I hate myself for being overweight

I hate myself for being overweight
Photo is illustrative in nature. From open sources.

 

I am 25 years old. I am obsessed with thinness, for me there is no one more beautiful than thin people. For two years, I myself remained so, kept myself in tight rein, even at some point it seemed that food was not needed at all.

Weighed about 48 kg at 170 cm, then 43 kg. My mother scolded me in every possible way for such a look, saying that it was scary and disgusting, but there was no question of any visit to the doctor. As a result, at the end of 2016, I broke down and began to eat, as if not in myself, everything in a row indiscriminately. Now I weigh under 70 kg.

So, I got fat, but I feel twice as big as Tess Holliday, plus I have all the fat everywhere, but my breasts have not increased one iota. In addition, there were small, but nastyback problems , heart problems, but the worst thing is a complex of fat ugliness, just unbearable self-loathing and a terribledepression .

Against this background, I rarely leave the house, I don’t care about my appearance, I wear the same clothes (oily anyway) test-antibiotic.com I don’t see my friends (I’m lying that I’m busy).
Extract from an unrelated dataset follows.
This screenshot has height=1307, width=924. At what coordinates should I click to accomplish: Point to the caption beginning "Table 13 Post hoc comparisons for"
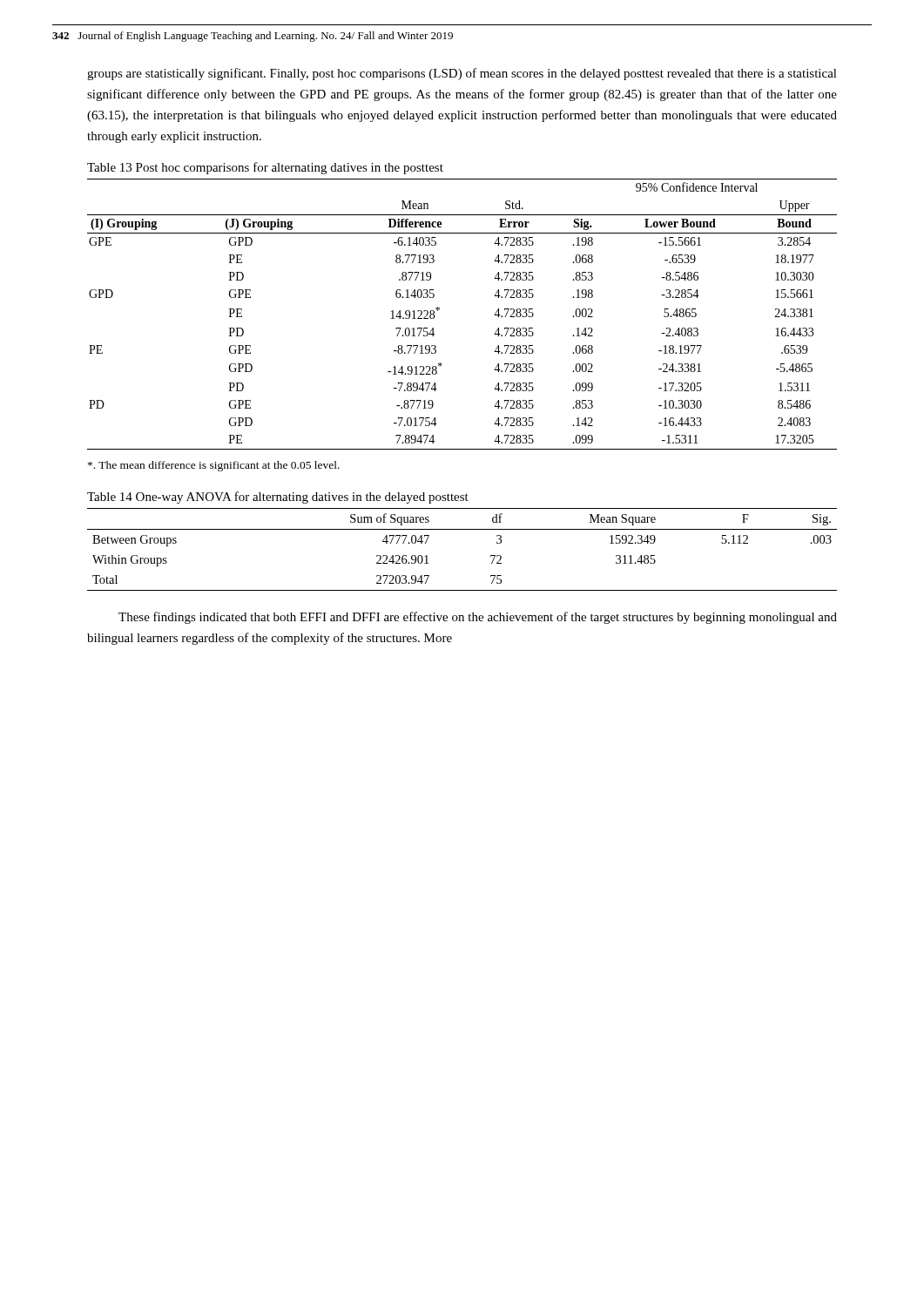tap(265, 167)
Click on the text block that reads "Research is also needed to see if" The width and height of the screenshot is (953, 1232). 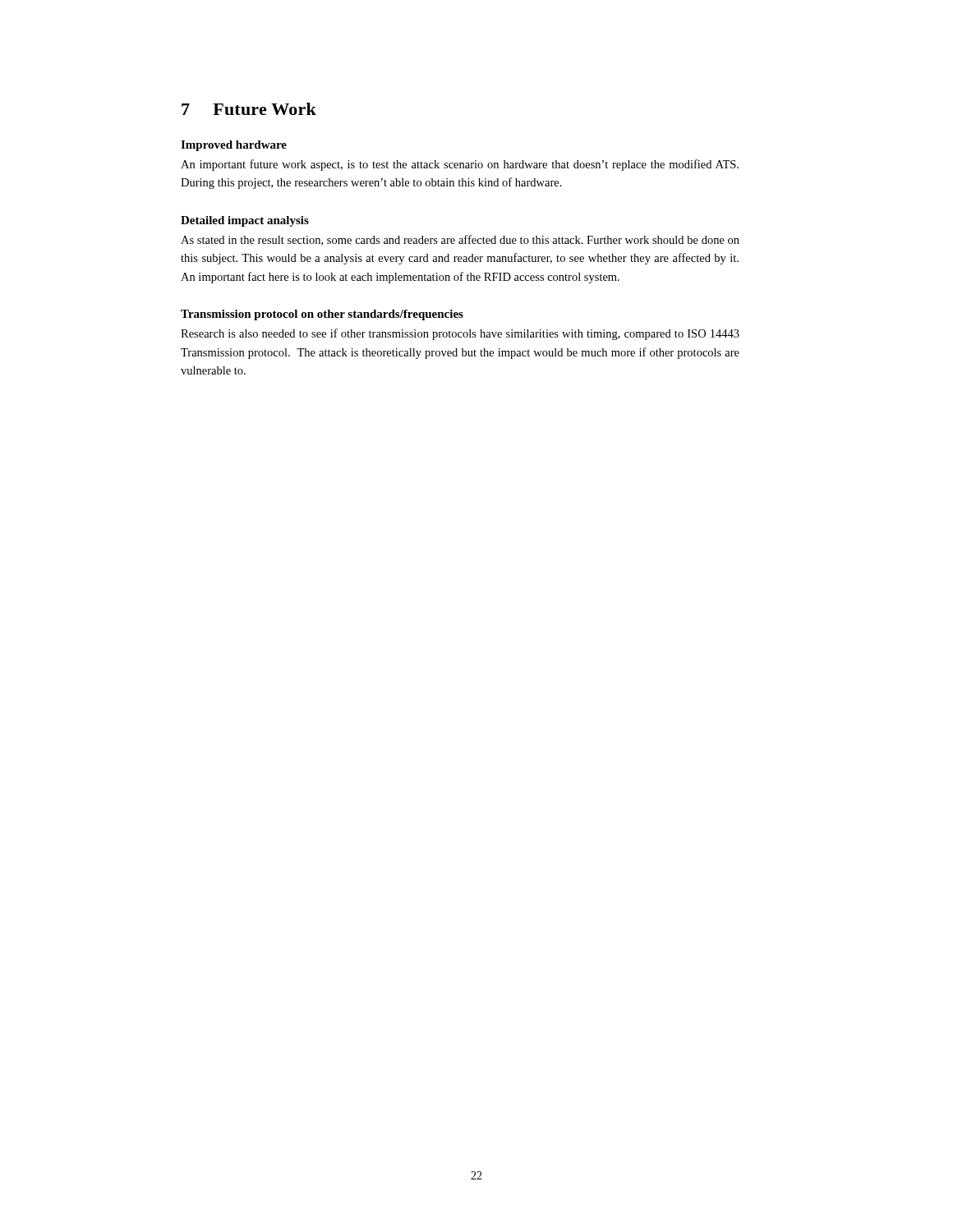[460, 352]

There can be no talk of love in general - I’m not worthy, I can’t work either, because at the slightest stress (even going to the store, a trip in transport) - a panic attack begins, because. I'm starting to think about how ugly I am. well andmom what? And the mother is glad that her daughter is finally eating, and everything else, it doesn’t matter to her, the main thing is that the daughter fills her belly to satiety. She encourages me constantly in gluttony: I will eat a loaf of bread at a time, after a plate of borscht, she will say: “Well, what did you eat?”. And the fact that a couple of hours before that I was crushing a plate of oatmeal in milk with raisins, abundantly sprinkled with sugar, is almost nothing.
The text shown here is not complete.